### Instructions to follow
Below are some records. Return exactly the lines from the one with "Lengths in meters, angles" to the one with "#4 small metal", and nothing else.

════════

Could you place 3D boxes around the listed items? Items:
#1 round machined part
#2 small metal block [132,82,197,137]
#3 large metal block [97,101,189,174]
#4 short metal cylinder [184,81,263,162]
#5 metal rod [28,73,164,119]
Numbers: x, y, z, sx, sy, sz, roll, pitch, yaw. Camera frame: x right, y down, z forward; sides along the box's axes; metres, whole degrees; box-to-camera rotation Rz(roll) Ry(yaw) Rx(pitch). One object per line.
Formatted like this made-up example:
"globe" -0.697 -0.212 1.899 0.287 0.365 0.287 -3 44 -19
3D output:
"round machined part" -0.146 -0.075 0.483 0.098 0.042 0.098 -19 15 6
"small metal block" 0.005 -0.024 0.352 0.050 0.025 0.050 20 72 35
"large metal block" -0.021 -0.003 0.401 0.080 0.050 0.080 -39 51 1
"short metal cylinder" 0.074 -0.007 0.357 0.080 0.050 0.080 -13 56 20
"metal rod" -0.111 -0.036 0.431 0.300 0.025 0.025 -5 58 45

════════

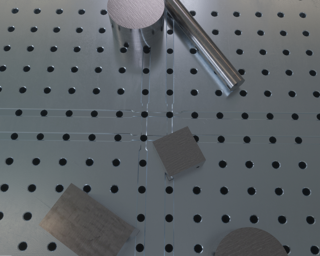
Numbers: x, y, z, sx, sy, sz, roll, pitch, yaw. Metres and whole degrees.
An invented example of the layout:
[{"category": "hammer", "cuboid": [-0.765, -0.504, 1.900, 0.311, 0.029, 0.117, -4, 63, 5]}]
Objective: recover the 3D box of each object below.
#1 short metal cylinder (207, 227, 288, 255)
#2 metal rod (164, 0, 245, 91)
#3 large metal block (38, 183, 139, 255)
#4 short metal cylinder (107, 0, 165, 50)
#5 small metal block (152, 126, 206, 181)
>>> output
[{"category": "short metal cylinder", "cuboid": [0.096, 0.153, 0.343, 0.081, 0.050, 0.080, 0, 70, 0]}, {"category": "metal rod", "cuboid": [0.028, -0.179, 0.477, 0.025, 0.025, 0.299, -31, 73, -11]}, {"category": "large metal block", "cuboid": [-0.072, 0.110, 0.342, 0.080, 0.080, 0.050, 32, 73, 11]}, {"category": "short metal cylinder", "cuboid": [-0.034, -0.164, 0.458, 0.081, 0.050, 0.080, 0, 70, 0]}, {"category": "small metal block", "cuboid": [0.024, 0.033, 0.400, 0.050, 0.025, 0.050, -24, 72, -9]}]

════════

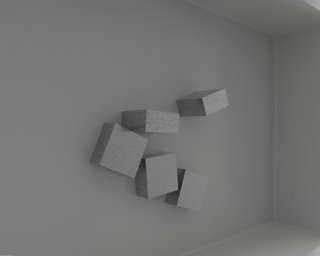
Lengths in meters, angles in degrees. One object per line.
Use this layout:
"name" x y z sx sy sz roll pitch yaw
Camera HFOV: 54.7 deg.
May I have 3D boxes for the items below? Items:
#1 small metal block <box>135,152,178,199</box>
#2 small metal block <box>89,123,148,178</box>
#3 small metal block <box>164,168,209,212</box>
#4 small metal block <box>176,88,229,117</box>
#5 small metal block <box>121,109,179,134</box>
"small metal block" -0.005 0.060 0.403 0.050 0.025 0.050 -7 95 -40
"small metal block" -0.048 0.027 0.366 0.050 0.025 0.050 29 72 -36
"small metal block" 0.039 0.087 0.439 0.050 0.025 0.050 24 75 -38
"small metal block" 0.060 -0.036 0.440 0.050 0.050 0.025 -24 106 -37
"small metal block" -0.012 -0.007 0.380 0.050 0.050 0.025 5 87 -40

════════

### Response to this exercise
Lengths in meters, angles in degrees. One object per line.
Use this layout:
"name" x y z sx sy sz roll pitch yaw
Camera HFOV: 54.7 deg.
May I have 3D boxes for the items below? Items:
#1 small metal block <box>135,152,178,199</box>
#2 small metal block <box>89,123,148,178</box>
#3 small metal block <box>164,168,209,212</box>
#4 small metal block <box>176,88,229,117</box>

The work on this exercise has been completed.